Theology

When Is a Couple Considered Married?

Author Robby Lashua Published on 06/04/2024

“When is a couple considered married? After the ceremony? When they sign the license? After sex? What verses support this?” High school students ask tough questions. This was one that came up recently during a Q&A with a local youth group.

According to Scripture, what constitutes a marriage? Do people have to get married legally, or can they just be “married in their hearts”? Thankfully, God’s Word has a lot to say about marriage, what it is, and when it starts.

Jesus gives great insight on marriage when talking with the Samaritan woman in John 4:16–18. “Go, call your husband and come here,” he says. “I have no husband,” she answers. Jesus responds, “You have correctly said, ‘I have no husband’; for you have had five husbands, and the one whom you now have is not your husband; this you have said truly.”

Notice how Jesus distinguishes between marriage and sex. A mere sexual relationship with someone doesn’t make a marriage.

As further evidence of this, fornication—sexual intercourse between people who aren’t married to each other—is condemned throughout the Bible (e.g., Mark 7:21, 1 Cor. 6:9). If sex is all that’s necessary to make a marriage, then Scripture wouldn’t condemn fornication. Sex between two unmarried people wouldn’t be sin; it would be the beginning of a marriage.

If sex isn’t what kicks off a marriage, what is? Thankfully, Jesus tells us. In Matthew 19:4–6, Jesus is asked about legitimate reasons for divorce. Here’s what he says:

Have you not read that He who created them from the beginning made them male and female, and said “For this reason a man shall leave his father and mother and be joined to his wife, and the two shall become one flesh”? So they are no longer two, but one flesh. What therefore God has joined together, let no man separate.

Here Jesus teaches four important facts about marriage. First, marriage is between one man and one woman—i.e., a heterosexual couple. Second, marriage means leaving one’s family of origin and establishing a new family with one’s spouse. Third, the man and the woman are joined in a “one-flesh” sexual union. Finally, marriage is a binding covenant no one should dissolve.
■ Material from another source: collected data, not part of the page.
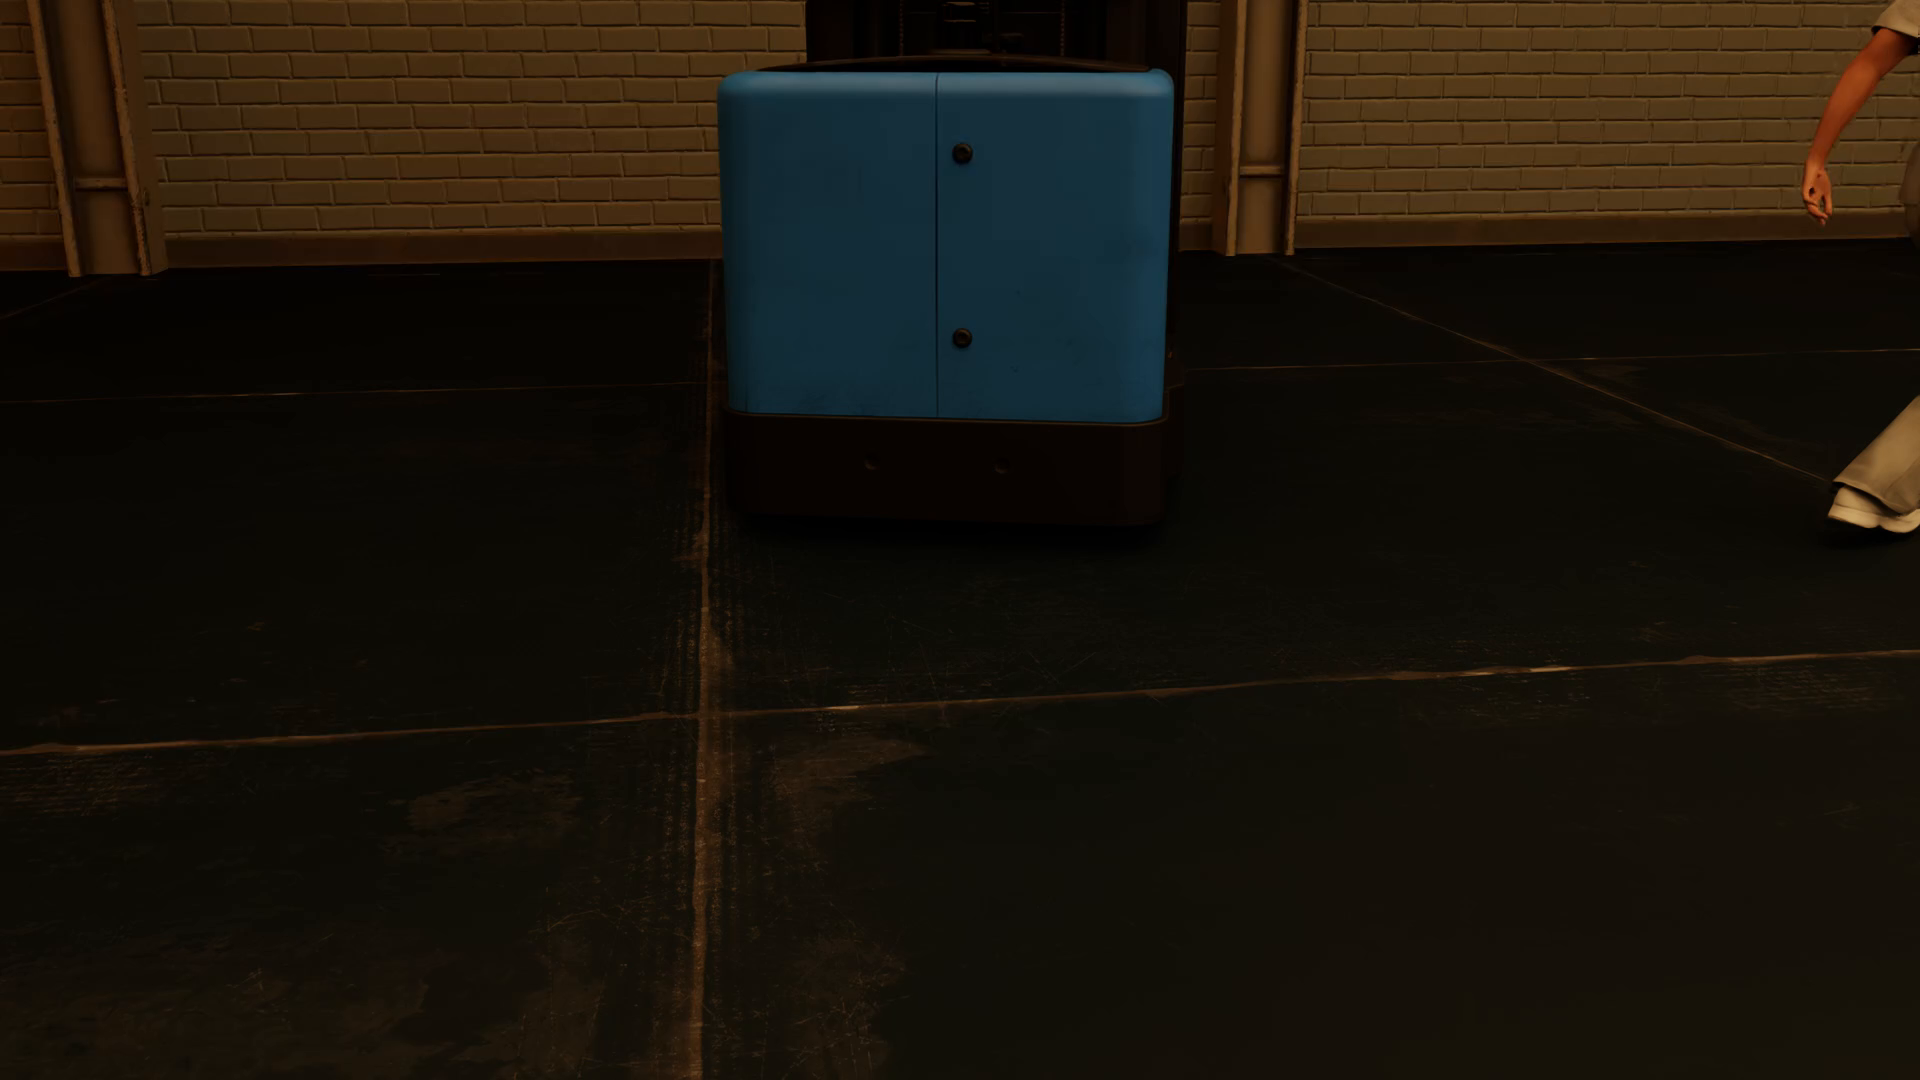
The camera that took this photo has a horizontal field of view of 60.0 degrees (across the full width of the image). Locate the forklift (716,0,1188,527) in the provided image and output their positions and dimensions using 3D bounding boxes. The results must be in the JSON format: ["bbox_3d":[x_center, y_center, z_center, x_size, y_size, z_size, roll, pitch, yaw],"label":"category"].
[{"bbox_3d":[0.133,-1.812,4.901,1.130,2.935,3.031,2,17,7],"label":"forklift"}]

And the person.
[{"bbox_3d":[2.410,-0.783,3.878,0.886,1.604,0.461,-9,19,-27],"label":"person"}]
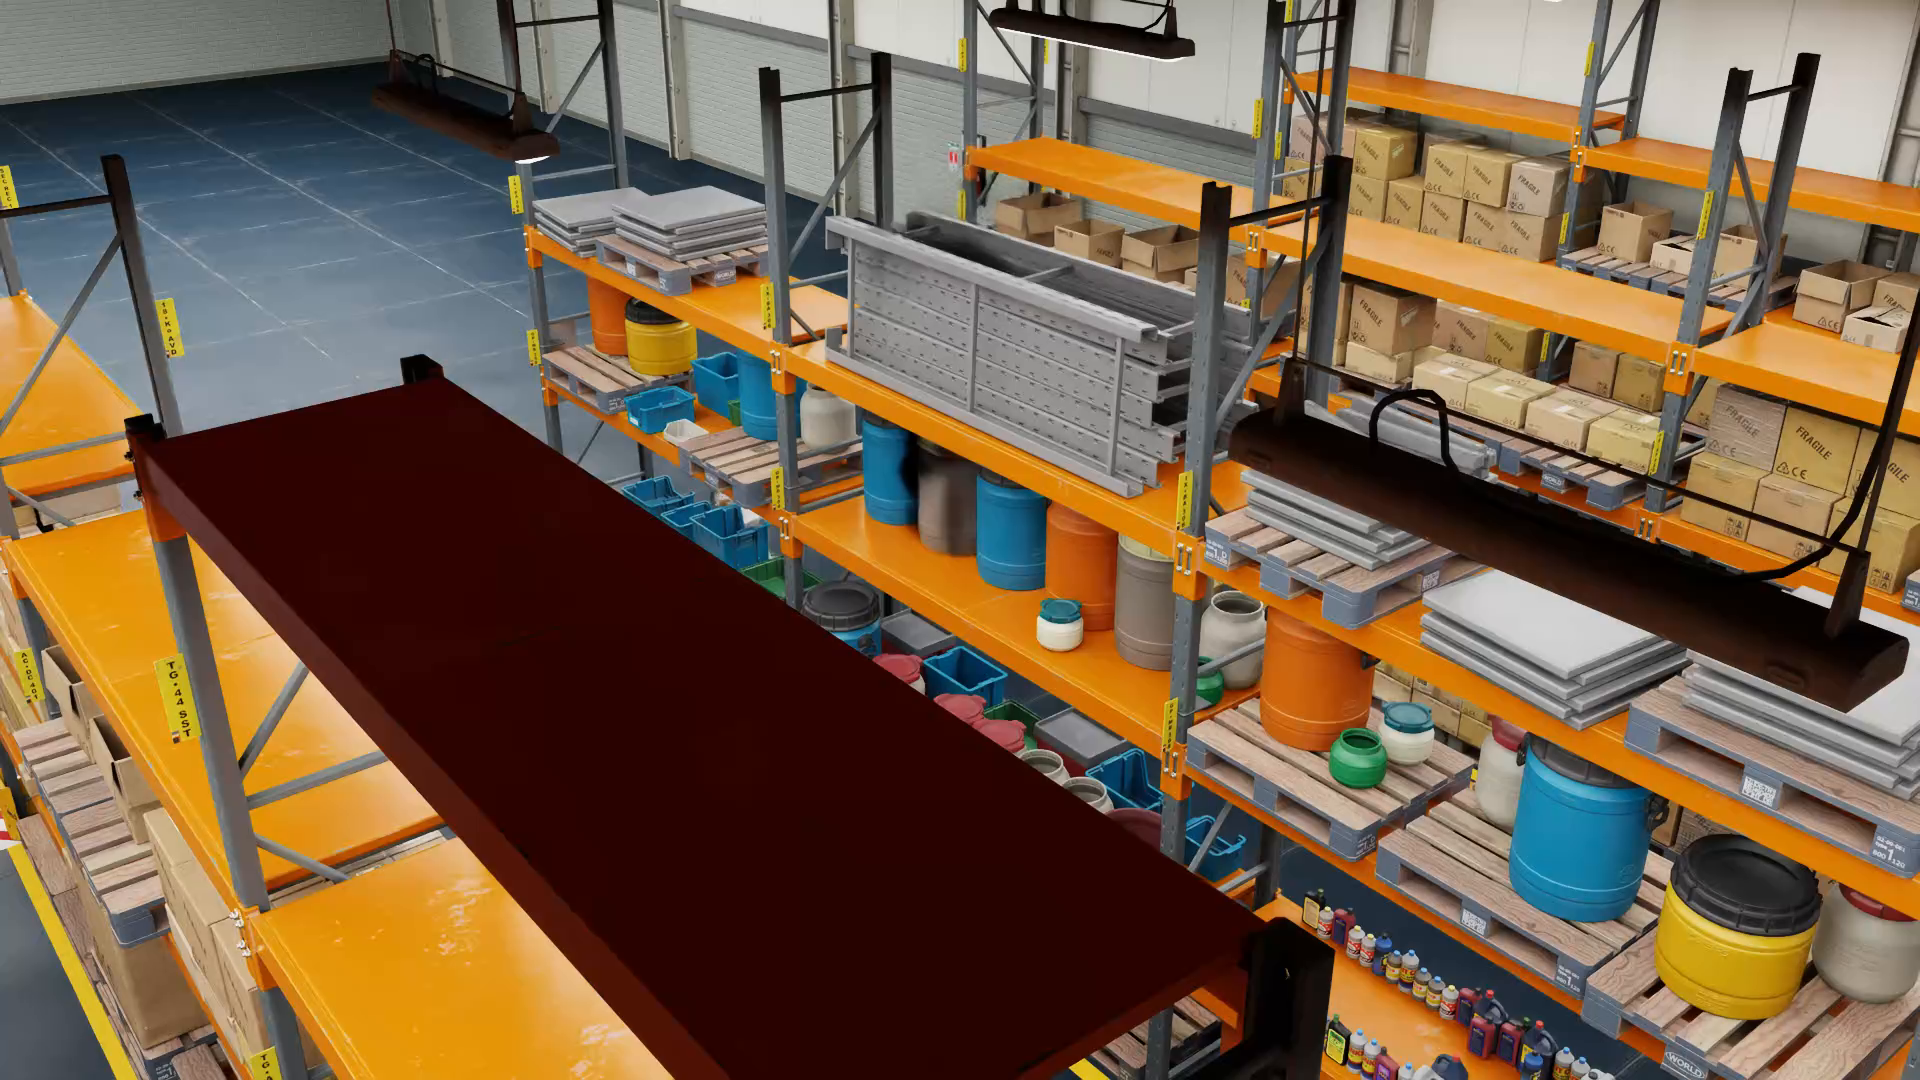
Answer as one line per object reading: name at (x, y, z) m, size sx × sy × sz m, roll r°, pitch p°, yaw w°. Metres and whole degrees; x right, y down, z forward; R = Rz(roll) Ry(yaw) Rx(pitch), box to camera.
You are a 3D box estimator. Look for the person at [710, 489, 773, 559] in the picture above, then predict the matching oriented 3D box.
person at (-2.226, -0.180, 16.801) m, size 0.777 × 1.661 × 0.645 m, roll 20°, pitch 32°, yaw 35°
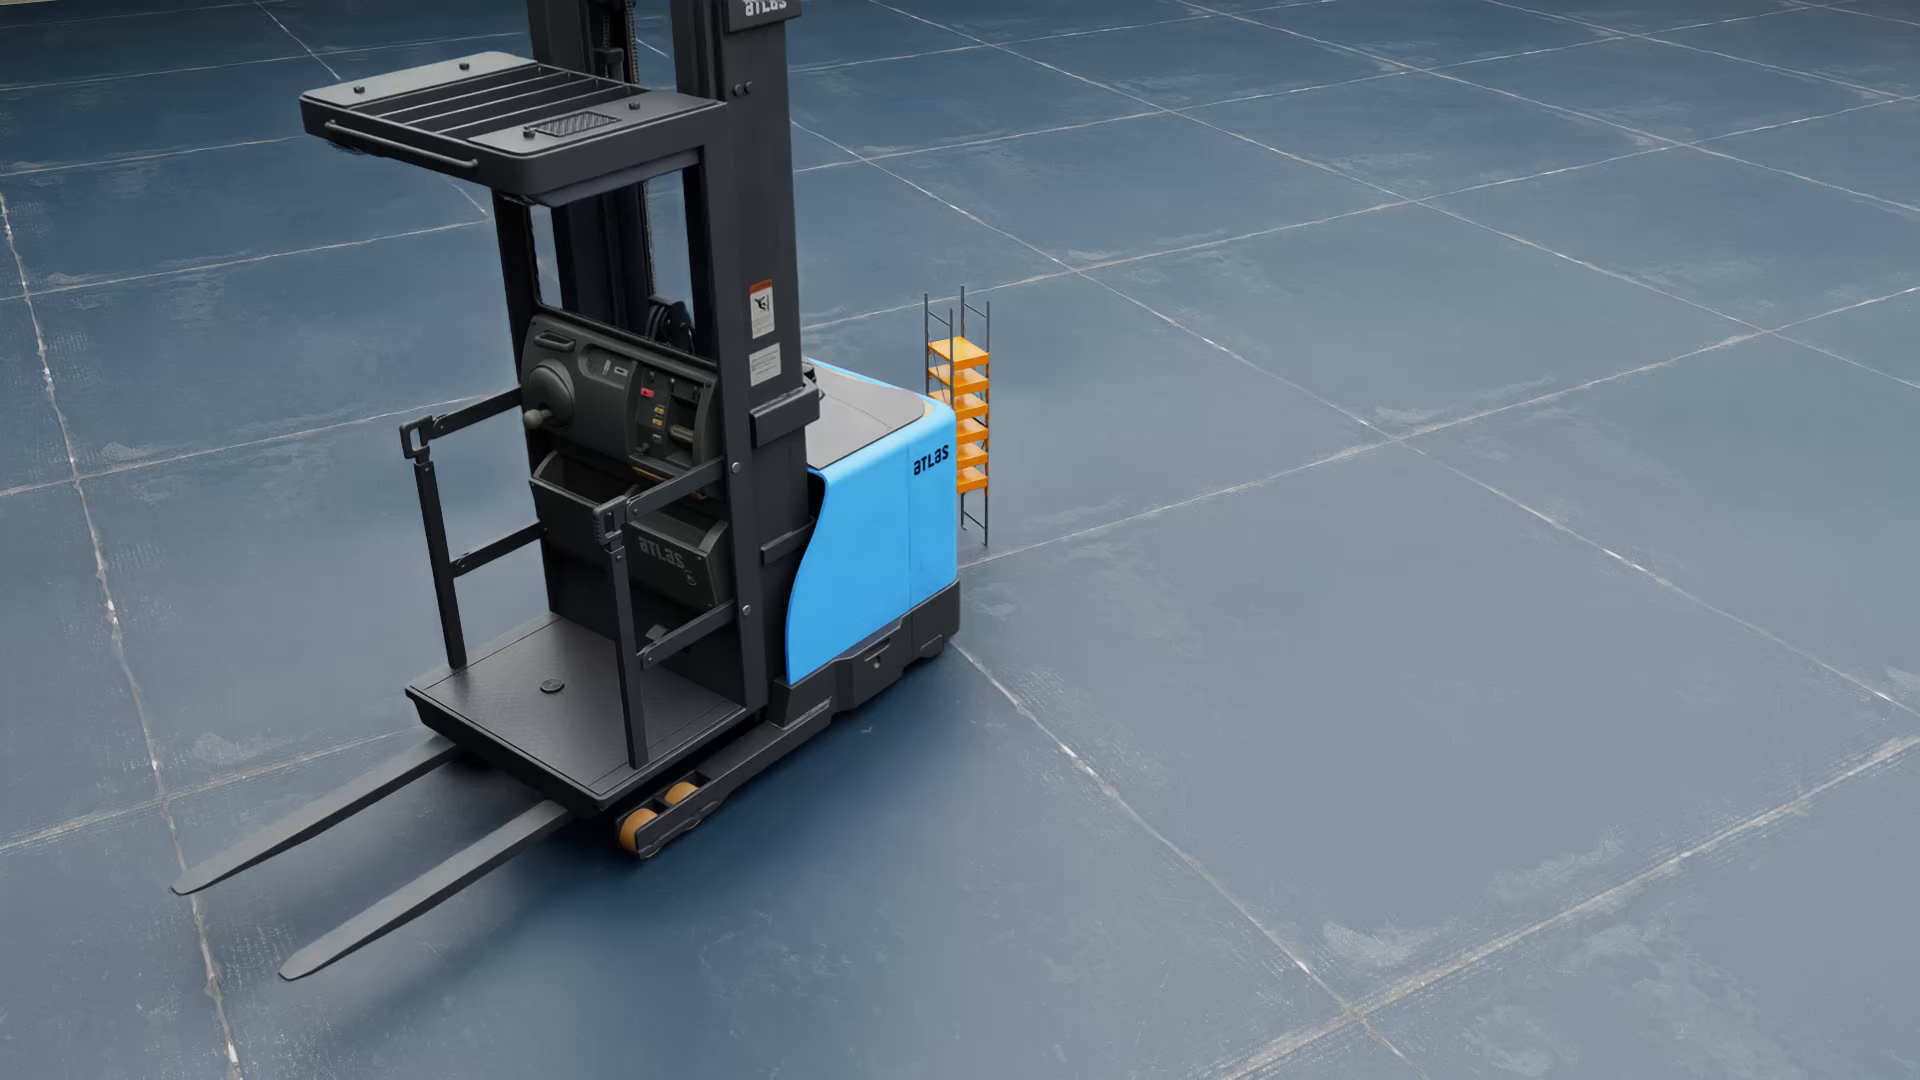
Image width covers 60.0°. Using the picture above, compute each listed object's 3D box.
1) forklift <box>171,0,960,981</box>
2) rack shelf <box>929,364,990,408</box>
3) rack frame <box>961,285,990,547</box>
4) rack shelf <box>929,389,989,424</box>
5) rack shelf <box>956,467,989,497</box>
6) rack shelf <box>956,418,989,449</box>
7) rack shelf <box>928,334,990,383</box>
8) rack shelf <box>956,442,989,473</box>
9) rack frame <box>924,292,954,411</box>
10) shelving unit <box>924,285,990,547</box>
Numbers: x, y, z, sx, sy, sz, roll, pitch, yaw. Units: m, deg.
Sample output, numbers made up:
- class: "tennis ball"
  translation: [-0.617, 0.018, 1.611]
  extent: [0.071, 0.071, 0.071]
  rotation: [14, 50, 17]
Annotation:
- class: "forklift"
  translation: [-1.308, -0.456, 5.542]
  extent: [1.130, 2.935, 3.031]
  rotation: [21, 35, 33]
- class: "rack shelf"
  translation: [-0.012, -0.693, 7.359]
  extent: [0.180, 0.103, 0.258]
  rotation: [-16, 33, -26]
- class: "rack frame"
  translation: [0.066, -0.544, 7.494]
  extent: [0.006, 1.200, 0.240]
  rotation: [-16, 33, -26]
- class: "rack shelf"
  translation: [-0.012, -0.588, 7.417]
  extent: [0.180, 0.103, 0.258]
  rotation: [-16, 33, -26]
- class: "rack shelf"
  translation: [-0.012, -0.273, 7.591]
  extent: [0.180, 0.103, 0.258]
  rotation: [-16, 33, -26]
- class: "rack shelf"
  translation: [-0.012, -0.483, 7.475]
  extent: [0.180, 0.103, 0.258]
  rotation: [-16, 33, -26]
- class: "rack shelf"
  translation: [-0.012, -0.798, 7.301]
  extent: [0.180, 0.103, 0.258]
  rotation: [-16, 33, -26]
- class: "rack shelf"
  translation: [-0.012, -0.378, 7.533]
  extent: [0.180, 0.103, 0.258]
  rotation: [-16, 33, -26]
- class: "rack frame"
  translation: [-0.091, -0.499, 7.413]
  extent: [0.006, 1.200, 0.240]
  rotation: [-16, 33, -26]
- class: "shelving unit"
  translation: [-0.012, -0.522, 7.454]
  extent: [0.189, 1.200, 0.258]
  rotation: [-16, 33, -26]
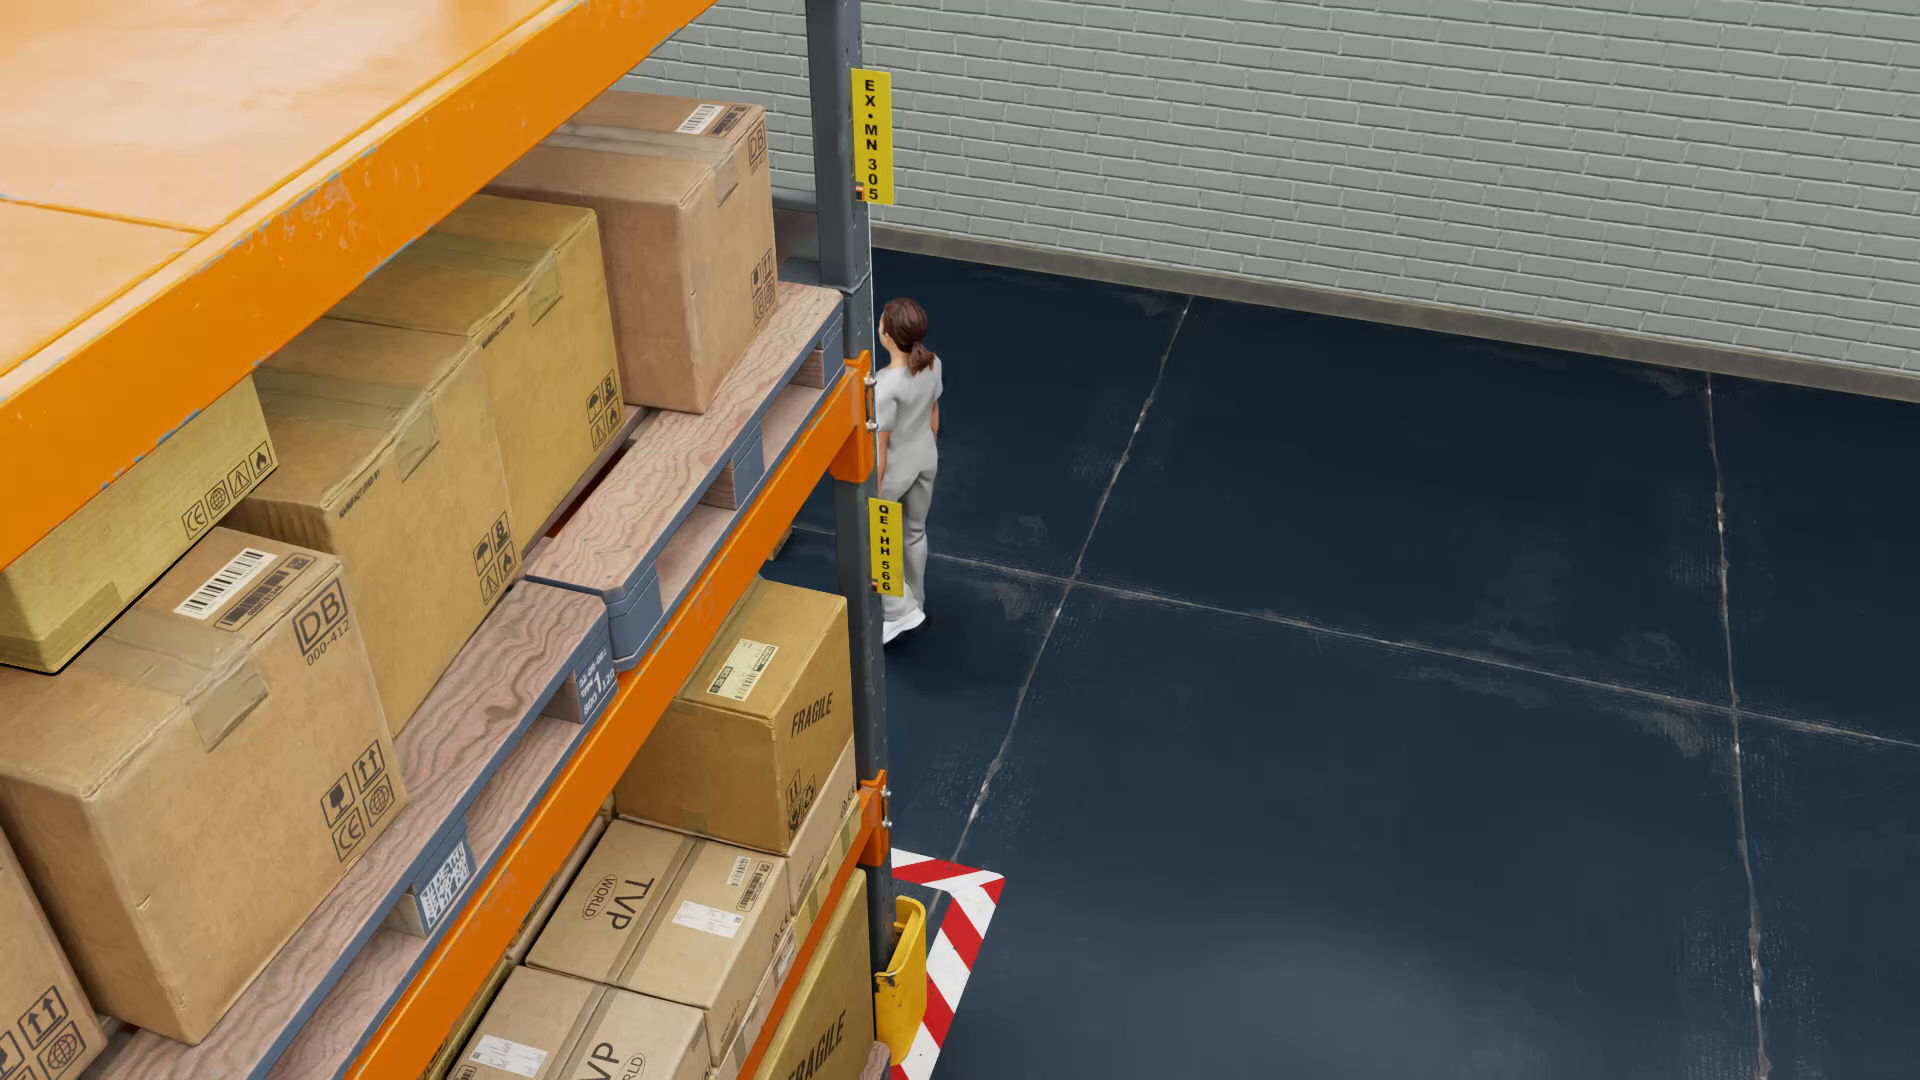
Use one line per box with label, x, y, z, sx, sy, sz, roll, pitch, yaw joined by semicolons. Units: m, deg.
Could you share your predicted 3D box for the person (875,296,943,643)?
person;-0.262;-0.288;7.250;0.450;1.667;0.513;29;46;33

While all four of these points are important, it’s the last one that indicates when marriage begins. Marriage begins when a man and woman covenant before God to spend the rest of their life together.

The Old Testament is full of covenants. Most of them are covenants God made with mankind. The Abrahamic, Noahic, and Mosaic covenants all have something interesting in common. They involve a public pronouncement and certification of the pledge.

God made a covenant with Noah, his sons, and all living creatures not to flood the entire earth ever again. The declaration God made of this covenant is recorded in Genesis 9:1–17, and the certification of the covenant is the rainbow. Public pronouncement and covenant certification.

God covenanted with Abraham in Genesis 12 to make him into a great nation, to give his descendants a specific land, and to bless all the nations of the earth in him. God also certified the covenant with a ceremony recorded in Genesis 15:8–21 that made this a binding covenant. Public pronouncement and covenant certification.

God made a covenant with Moses and all the Israelites at Mt. Sinai (Ex. 19–20). Moses went up to Mt. Sinai and received covenant instructions from the Lord written on two stone tablets to document the covenant for the people. Public pronouncement and covenant certification.

In each covenant, there is a public declaration with a certification of the promises. The same is true for marriage. What makes a marriage isn’t sex. It isn’t even love. It’s commitment. Marriage begins with a man and woman creating a covenant with a public vow of lifelong faithfulness accompanied by certification of their promise. This covenant isn’t principally before a state or a country, but before God.

God wants marriage to be a covenant between a man and a woman who legally and publicly promise to be joined together as one for the rest of their lives, and there should be covenant certification. But we must also recognize that we’re making these vows before our Maker. What God has joined together, let no man separate.